WS can be recognized by some specific clinical features that appear after birth; not all affected individuals possess all the clinical features [2]. It has four clinical subtypes based on the mutant gene and characteristic morphology [10]. These morphological features are broad nasal root, white forelock, the difference in the colour of eyes, congenital leukoderma, and sensorineural deafness [10]. It is a clinical diagnosis, and Waardenburg consortium proposed diagnostic criteria. The major criteria are heterochromia of iris, sensorineural deafness, white forelock, lateral displacement of eyes canthi, and presence of WS in a first-degree relative [1]. The minor diagnostic criteria are broad nasal root, white macules/patches on the skin, synophrys, premature greying of the scalp, and hypoplasia of nasal alae [1]. Two major or one minor and two minor criteria are needed to diagnose WS type I [2]. WS-II is characterized by sensorineural deafness and heterochromia of irides [11]. For diagnosing WS-II, Liu et al. have proposed two major criteria be fulfilled while premature greying replaced the dystopia canthorum [11]. WS-III is similar to WS-I with the addition of few musculoskeletal abnormalities like upper limb contractures and hypoplastic muscles [9]. WS type IV has a strong association with Hirschsprung disease [12].

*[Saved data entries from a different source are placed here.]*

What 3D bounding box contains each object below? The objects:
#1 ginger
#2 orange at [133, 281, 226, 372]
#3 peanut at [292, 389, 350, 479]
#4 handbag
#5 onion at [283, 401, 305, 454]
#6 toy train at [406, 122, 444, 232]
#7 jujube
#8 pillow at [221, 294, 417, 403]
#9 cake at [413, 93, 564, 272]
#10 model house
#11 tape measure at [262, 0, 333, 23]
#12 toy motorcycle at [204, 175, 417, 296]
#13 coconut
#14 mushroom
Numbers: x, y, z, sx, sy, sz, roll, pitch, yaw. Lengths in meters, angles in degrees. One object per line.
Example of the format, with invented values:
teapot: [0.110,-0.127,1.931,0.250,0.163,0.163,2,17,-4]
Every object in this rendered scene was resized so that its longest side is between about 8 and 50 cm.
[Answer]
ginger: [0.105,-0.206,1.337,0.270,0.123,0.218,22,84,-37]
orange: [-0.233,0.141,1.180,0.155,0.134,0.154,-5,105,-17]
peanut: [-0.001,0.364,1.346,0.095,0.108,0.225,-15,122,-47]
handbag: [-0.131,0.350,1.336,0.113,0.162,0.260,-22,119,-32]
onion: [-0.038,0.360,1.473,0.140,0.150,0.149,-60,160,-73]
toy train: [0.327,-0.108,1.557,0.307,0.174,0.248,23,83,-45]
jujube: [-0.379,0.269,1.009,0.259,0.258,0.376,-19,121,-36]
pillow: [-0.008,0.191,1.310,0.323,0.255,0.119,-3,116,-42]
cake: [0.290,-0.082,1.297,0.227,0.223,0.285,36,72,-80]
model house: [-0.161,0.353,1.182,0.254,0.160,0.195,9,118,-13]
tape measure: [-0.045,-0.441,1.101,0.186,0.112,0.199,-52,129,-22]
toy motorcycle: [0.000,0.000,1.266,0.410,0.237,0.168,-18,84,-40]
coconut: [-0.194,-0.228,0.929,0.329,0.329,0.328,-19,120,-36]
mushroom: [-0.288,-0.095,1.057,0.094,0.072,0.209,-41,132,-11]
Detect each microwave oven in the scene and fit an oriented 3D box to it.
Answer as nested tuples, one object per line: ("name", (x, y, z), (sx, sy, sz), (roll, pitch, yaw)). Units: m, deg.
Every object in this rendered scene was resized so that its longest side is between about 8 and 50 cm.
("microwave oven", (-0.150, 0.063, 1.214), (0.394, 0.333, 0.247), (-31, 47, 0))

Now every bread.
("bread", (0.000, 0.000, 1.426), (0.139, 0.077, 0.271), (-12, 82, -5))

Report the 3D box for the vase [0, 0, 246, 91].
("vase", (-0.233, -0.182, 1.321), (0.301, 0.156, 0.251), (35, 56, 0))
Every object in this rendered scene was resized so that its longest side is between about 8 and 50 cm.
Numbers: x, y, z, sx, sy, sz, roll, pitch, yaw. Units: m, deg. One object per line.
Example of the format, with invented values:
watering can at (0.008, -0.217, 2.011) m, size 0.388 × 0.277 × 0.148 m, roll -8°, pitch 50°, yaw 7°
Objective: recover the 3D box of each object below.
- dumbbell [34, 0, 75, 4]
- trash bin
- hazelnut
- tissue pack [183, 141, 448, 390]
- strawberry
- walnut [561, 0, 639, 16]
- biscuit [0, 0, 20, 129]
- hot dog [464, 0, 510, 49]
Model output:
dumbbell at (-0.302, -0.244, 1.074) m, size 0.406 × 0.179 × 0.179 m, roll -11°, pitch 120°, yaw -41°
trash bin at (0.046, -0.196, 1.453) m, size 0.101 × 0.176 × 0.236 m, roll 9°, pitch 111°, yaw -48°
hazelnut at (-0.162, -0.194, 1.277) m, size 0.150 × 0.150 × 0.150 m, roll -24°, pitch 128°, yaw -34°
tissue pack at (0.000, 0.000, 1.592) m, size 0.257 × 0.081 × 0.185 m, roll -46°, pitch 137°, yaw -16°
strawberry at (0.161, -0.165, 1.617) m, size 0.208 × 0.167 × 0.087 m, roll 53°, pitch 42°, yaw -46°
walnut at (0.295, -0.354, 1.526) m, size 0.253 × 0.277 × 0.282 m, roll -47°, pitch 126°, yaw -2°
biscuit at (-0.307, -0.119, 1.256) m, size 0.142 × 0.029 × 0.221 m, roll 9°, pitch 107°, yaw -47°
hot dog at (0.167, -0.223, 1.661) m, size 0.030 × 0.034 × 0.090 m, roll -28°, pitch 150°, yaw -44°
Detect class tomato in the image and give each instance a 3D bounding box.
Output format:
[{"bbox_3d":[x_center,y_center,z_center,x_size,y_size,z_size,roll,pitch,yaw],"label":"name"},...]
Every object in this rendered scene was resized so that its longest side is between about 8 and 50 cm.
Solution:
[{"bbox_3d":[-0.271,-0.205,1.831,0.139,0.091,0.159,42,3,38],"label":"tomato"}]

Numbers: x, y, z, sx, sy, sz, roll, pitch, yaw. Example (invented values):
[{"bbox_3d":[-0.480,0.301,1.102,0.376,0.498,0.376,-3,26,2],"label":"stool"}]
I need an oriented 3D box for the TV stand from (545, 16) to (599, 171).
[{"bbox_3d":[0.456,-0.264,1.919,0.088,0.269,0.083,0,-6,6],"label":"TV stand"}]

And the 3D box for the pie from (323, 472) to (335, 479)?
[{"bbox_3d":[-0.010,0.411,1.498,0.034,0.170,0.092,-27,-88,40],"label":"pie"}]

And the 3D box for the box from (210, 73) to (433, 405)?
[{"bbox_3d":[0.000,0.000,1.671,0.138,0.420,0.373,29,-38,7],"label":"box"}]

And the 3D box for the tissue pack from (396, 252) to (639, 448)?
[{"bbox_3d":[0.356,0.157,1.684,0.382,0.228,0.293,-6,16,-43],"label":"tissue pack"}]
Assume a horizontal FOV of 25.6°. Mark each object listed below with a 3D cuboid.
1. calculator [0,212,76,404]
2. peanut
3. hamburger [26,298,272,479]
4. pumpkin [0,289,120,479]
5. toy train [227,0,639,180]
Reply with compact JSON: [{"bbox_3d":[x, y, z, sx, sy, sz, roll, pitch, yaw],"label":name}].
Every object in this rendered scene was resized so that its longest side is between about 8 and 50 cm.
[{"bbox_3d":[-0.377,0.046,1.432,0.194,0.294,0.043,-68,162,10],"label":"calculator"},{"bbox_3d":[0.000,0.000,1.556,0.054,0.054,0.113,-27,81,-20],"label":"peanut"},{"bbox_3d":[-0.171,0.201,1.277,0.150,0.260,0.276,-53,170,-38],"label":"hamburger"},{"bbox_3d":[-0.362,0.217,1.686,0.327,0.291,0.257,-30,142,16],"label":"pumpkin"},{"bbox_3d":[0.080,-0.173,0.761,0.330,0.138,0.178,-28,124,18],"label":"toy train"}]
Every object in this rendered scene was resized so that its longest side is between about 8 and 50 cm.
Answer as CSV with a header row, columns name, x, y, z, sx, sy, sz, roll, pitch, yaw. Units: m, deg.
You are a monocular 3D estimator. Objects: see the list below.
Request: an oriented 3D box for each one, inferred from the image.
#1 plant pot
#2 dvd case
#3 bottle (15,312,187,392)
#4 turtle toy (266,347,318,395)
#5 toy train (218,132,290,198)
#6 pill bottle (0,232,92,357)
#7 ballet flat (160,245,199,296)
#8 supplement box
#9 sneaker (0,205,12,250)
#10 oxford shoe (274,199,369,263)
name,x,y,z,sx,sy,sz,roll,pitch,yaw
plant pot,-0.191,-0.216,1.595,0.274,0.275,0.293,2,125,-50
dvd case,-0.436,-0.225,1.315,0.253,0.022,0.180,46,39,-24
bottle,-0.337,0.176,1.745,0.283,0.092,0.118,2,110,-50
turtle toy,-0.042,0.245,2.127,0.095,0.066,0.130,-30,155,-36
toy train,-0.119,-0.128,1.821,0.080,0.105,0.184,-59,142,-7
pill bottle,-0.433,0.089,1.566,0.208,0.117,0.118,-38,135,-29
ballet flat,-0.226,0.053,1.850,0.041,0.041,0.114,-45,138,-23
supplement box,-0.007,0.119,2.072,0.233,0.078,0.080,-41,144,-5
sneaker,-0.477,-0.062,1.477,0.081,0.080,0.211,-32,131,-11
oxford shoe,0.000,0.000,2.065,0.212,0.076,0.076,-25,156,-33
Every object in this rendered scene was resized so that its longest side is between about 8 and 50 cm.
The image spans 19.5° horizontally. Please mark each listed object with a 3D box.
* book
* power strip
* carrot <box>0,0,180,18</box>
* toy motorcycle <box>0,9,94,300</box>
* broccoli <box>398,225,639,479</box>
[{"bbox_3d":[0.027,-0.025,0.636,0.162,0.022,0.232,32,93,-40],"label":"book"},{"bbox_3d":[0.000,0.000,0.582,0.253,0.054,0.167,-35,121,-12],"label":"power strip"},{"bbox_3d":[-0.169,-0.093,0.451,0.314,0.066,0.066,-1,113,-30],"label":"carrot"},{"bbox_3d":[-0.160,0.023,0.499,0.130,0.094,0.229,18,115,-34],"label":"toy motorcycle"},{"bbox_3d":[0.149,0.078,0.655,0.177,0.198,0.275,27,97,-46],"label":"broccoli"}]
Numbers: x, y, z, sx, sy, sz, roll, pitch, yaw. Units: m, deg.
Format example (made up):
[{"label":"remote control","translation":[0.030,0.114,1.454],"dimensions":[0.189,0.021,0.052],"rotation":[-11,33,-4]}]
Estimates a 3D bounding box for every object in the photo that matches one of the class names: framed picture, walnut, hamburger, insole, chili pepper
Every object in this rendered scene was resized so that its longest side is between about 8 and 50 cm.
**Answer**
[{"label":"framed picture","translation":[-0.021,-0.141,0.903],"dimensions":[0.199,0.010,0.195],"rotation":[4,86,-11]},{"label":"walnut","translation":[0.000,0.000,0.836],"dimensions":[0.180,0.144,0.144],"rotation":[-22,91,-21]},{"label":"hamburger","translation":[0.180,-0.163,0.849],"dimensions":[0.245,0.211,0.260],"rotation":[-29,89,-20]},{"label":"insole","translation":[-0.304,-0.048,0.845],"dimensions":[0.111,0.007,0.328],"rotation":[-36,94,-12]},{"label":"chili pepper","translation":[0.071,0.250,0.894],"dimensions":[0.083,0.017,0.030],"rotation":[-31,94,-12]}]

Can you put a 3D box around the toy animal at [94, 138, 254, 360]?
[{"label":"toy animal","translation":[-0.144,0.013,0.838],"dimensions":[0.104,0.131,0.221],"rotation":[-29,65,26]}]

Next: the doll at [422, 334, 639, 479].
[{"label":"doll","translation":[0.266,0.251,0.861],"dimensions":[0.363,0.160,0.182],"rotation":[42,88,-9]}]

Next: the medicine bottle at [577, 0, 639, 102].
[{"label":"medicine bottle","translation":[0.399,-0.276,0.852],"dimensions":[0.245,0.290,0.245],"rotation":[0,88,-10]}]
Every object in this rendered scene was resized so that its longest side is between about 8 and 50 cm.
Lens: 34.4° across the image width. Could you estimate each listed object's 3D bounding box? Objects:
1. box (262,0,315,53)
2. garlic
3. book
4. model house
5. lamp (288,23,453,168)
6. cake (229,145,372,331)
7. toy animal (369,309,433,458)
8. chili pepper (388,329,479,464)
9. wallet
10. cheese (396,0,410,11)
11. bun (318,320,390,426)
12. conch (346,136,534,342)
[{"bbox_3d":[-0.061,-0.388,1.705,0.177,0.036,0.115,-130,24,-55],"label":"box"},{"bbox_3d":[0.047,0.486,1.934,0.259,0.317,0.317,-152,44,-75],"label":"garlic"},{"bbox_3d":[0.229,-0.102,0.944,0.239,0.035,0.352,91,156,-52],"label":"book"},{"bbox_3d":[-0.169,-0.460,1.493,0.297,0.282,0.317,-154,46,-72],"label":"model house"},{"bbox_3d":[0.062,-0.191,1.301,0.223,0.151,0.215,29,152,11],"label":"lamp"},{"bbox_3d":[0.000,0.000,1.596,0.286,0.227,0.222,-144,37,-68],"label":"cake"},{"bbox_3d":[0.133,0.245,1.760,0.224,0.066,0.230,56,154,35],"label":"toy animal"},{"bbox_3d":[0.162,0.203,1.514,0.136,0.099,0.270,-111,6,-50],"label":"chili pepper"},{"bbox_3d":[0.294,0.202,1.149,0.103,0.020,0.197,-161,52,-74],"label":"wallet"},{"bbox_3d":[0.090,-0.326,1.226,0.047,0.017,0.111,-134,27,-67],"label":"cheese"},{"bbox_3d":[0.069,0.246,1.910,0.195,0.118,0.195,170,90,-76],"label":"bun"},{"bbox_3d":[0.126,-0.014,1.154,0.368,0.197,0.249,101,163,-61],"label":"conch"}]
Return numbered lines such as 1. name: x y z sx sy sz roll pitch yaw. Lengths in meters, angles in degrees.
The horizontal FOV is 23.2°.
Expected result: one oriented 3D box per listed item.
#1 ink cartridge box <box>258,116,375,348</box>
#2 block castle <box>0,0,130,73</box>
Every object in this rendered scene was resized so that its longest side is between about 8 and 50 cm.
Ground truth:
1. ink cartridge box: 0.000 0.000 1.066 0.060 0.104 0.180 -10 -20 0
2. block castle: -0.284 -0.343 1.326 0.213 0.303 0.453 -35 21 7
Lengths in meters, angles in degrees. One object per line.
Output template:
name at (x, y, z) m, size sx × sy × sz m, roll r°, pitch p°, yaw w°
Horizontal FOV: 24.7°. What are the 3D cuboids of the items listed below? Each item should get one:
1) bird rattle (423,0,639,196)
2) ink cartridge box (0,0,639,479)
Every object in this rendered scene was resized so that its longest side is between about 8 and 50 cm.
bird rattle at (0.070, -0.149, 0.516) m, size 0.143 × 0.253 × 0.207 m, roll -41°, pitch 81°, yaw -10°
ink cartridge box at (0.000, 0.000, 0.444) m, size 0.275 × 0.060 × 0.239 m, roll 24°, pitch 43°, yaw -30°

We report an interesting case of WS in twin boys who fulfill the criteria of WS-II. Our cases had four major criteria (white forelock, heterochromia, sensorineural hearing loss, first degree relative with WS), and one minor criterion to establish the diagnosis of WS-II. Most clinical features of WS-II except sensorineural deafness are benign in nature and do not need active intervention but severe deafness can be a serious problem [10]. An early diagnosis with social and vocational training and rehabilitation depending upon the extent of involvement remains the only rescue for these patients [5]. Areas of hypopigmentation may diminish in size or even disappear with time [2]. Most of the clinical types of WS have a good prognosis [1]. Morbidity is related to the defect of neural crest-derived tissues, including mental disability, deafness and ocular disorders (cataracts), and skeletal anomalies [5]. We report a rare inherited disorder that had never been reported in twins. Through this unique case report, we recommend that early diagnosis and prenatal genetic identification is very essential. Spina bifida is a rare manifestation of WS but the severity can make it a relatively important element of the disease [13]. Prenatal screening is advisable through transvaginal ultrasound and to follow the guidelines for high-risk pregnancies to monitor neural tube defects [13].

Conclusions

We report an unusual and interesting rare genetic disorder. The treatment approach should be multidisciplinary. Genetic counseling is necessary because one affected gene can pass the syndrome to the next generation. As there is no definitive treatment, the family and the patient's awareness regarding symptomatic treatment is also very essential. In such rare cases, early diagnosis and prenatal genetic identification are very essential.